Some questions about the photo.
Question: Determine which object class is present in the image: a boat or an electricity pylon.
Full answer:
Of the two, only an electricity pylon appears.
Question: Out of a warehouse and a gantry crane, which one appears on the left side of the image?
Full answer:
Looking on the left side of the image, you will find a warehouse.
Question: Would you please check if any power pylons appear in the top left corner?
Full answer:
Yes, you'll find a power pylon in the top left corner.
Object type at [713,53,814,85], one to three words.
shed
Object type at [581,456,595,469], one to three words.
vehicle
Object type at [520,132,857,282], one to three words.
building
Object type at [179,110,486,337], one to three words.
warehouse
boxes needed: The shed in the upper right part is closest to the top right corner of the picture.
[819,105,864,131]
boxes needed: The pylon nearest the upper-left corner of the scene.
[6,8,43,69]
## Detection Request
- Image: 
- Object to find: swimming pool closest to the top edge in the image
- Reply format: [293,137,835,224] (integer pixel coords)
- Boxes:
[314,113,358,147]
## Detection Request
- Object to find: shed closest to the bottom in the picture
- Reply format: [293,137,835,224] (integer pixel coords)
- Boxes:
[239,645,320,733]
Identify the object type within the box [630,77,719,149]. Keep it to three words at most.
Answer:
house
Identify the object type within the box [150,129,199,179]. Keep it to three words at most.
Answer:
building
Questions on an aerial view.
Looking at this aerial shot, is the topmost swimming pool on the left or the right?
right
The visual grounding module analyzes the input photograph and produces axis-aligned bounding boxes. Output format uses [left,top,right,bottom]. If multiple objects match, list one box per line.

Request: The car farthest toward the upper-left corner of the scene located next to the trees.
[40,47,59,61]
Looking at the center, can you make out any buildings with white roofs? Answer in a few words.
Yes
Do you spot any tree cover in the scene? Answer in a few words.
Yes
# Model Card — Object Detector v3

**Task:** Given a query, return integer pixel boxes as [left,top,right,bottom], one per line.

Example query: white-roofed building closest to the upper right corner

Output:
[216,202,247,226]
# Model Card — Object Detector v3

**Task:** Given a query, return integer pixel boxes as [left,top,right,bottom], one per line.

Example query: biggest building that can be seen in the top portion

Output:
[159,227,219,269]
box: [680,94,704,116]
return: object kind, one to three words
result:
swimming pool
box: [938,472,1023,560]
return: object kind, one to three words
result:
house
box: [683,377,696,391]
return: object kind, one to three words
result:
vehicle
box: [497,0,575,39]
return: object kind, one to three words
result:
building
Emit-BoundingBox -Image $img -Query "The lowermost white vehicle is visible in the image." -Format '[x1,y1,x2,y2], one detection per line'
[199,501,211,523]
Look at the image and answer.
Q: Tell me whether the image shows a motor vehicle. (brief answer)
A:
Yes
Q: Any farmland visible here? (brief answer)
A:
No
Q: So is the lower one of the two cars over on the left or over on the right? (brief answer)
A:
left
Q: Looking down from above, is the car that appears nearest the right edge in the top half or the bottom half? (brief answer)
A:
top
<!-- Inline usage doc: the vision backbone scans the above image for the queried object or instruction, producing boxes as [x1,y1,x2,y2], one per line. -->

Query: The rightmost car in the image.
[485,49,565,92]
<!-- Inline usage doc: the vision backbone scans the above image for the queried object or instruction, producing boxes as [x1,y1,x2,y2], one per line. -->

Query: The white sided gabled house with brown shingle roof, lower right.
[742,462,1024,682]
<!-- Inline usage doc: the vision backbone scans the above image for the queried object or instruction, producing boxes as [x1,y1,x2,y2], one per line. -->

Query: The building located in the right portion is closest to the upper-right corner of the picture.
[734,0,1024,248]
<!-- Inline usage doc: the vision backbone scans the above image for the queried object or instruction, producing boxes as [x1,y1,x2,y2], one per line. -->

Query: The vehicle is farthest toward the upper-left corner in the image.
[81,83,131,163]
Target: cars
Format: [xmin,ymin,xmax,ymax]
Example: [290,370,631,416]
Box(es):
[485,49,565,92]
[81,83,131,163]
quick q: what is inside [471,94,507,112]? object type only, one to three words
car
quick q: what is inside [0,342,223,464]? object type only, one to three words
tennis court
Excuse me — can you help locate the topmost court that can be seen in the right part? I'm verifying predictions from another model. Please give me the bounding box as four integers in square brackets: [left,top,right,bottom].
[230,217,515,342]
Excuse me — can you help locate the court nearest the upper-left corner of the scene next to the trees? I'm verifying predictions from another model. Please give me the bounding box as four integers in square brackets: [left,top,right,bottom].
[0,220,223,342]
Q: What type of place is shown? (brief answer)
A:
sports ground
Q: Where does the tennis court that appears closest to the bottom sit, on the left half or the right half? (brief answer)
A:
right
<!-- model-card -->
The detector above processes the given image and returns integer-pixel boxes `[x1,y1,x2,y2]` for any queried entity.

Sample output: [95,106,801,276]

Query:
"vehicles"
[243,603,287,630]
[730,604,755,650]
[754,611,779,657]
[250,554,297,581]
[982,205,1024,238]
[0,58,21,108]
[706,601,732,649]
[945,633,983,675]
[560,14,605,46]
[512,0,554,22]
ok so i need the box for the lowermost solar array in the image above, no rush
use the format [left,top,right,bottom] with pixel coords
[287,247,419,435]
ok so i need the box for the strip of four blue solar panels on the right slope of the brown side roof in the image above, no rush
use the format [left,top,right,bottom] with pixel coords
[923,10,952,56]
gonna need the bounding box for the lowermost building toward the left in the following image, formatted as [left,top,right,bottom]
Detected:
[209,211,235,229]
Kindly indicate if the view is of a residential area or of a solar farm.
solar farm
---
- Activity: Each entry above is to be transcribed without alteration.

- Reply:
Some questions about the photo.
Question: Determine which object class is present in the image: a boat or an electricity pylon.
Full answer:
Of the two, only an electricity pylon appears.
Question: Out of a warehouse and a gantry crane, which one appears on the left side of the image?
Full answer:
Looking on the left side of the image, you will find a warehouse.
Question: Would you please check if any power pylons appear in the top left corner?
Full answer:
Yes, you'll find a power pylon in the top left corner.
Object type at [713,53,814,85], one to three words.
shed
Object type at [581,456,595,469], one to three words.
vehicle
Object type at [520,132,857,282], one to three words.
building
Object type at [179,110,486,337], one to three words.
warehouse
boxes needed: The shed in the upper right part is closest to the top right corner of the picture.
[819,105,864,131]
boxes needed: The pylon nearest the upper-left corner of the scene.
[6,8,43,69]
## Detection Request
- Image: 
- Object to find: swimming pool closest to the top edge in the image
- Reply format: [293,137,835,224] (integer pixel coords)
- Boxes:
[314,113,358,147]
## Detection Request
- Object to find: shed closest to the bottom in the picture
- Reply format: [293,137,835,224] (integer pixel coords)
- Boxes:
[239,645,320,733]
Identify the object type within the box [630,77,719,149]. Keep it to three words at most.
Answer:
house
Identify the object type within the box [150,129,199,179]. Keep it to three words at most.
Answer:
building
Questions on an aerial view.
Looking at this aerial shot, is the topmost swimming pool on the left or the right?
right
The visual grounding module analyzes the input photograph and produces axis-aligned bounding boxes. Output format uses [left,top,right,bottom]. If multiple objects match, list one box per line.

Request: The car farthest toward the upper-left corner of the scene located next to the trees.
[40,47,59,61]
Looking at the center, can you make out any buildings with white roofs? Answer in a few words.
Yes
Do you spot any tree cover in the scene? Answer in a few words.
Yes
# Model Card — Object Detector v3

**Task:** Given a query, return integer pixel boxes as [left,top,right,bottom], one per line.

Example query: white-roofed building closest to the upper right corner

Output:
[216,202,247,226]
# Model Card — Object Detector v3

**Task:** Given a query, return integer pixel boxes as [left,top,right,bottom], one per line.

Example query: biggest building that can be seen in the top portion

Output:
[159,227,219,269]
box: [680,94,704,116]
return: object kind, one to three words
result:
swimming pool
box: [938,472,1023,560]
return: object kind, one to three words
result:
house
box: [683,377,696,391]
return: object kind, one to three words
result:
vehicle
box: [497,0,575,39]
return: object kind, one to three words
result:
building
Emit-BoundingBox -Image $img -Query "The lowermost white vehicle is visible in the image." -Format '[x1,y1,x2,y2], one detection per line'
[199,501,211,523]
Look at the image and answer.
Q: Tell me whether the image shows a motor vehicle. (brief answer)
A:
Yes
Q: Any farmland visible here? (brief answer)
A:
No
Q: So is the lower one of the two cars over on the left or over on the right? (brief answer)
A:
left
Q: Looking down from above, is the car that appears nearest the right edge in the top half or the bottom half? (brief answer)
A:
top
<!-- Inline usage doc: the vision backbone scans the above image for the queried object or instruction, producing boxes as [x1,y1,x2,y2], one per line. -->

Query: The rightmost car in the image.
[485,49,565,92]
<!-- Inline usage doc: the vision backbone scans the above image for the queried object or instruction, producing boxes as [x1,y1,x2,y2], one per line. -->

Query: The white sided gabled house with brown shingle roof, lower right.
[742,462,1024,682]
<!-- Inline usage doc: the vision backbone scans the above image for the queried object or instruction, producing boxes as [x1,y1,x2,y2], one per line. -->

Query: The building located in the right portion is closest to the upper-right corner of the picture.
[734,0,1024,248]
<!-- Inline usage doc: the vision backbone scans the above image for the queried object or instruction, producing boxes as [x1,y1,x2,y2], one per line. -->

Query: The vehicle is farthest toward the upper-left corner in the image.
[81,83,131,163]
Target: cars
Format: [xmin,ymin,xmax,ymax]
Example: [290,370,631,416]
Box(es):
[485,49,565,92]
[81,83,131,163]
quick q: what is inside [471,94,507,112]? object type only, one to three words
car
quick q: what is inside [0,342,223,464]? object type only, one to three words
tennis court
Excuse me — can you help locate the topmost court that can be seen in the right part? I'm verifying predictions from another model. Please give me the bounding box as four integers in square brackets: [left,top,right,bottom].
[230,217,515,342]
Excuse me — can you help locate the court nearest the upper-left corner of the scene next to the trees? I'm verifying predictions from another model. Please give me the bounding box as four integers in square brackets: [left,top,right,bottom].
[0,220,223,342]
Q: What type of place is shown? (brief answer)
A:
sports ground
Q: Where does the tennis court that appears closest to the bottom sit, on the left half or the right half? (brief answer)
A:
right
<!-- model-card -->
The detector above processes the given image and returns integer-pixel boxes `[x1,y1,x2,y2]` for any queried entity.

Sample output: [95,106,801,276]

Query:
"vehicles"
[243,603,287,630]
[730,604,755,650]
[754,611,779,657]
[250,554,297,581]
[982,205,1024,238]
[0,58,21,108]
[706,601,732,649]
[945,633,983,675]
[560,14,605,46]
[512,0,554,22]
ok so i need the box for the lowermost solar array in the image above, no rush
use the format [left,top,right,bottom] with pixel coords
[287,247,419,435]
ok so i need the box for the strip of four blue solar panels on the right slope of the brown side roof in the image above, no rush
use the format [left,top,right,bottom] with pixel coords
[923,10,952,56]
gonna need the bounding box for the lowermost building toward the left in the following image, formatted as [left,top,right,bottom]
Detected:
[209,211,235,229]
Kindly indicate if the view is of a residential area or of a solar farm.
solar farm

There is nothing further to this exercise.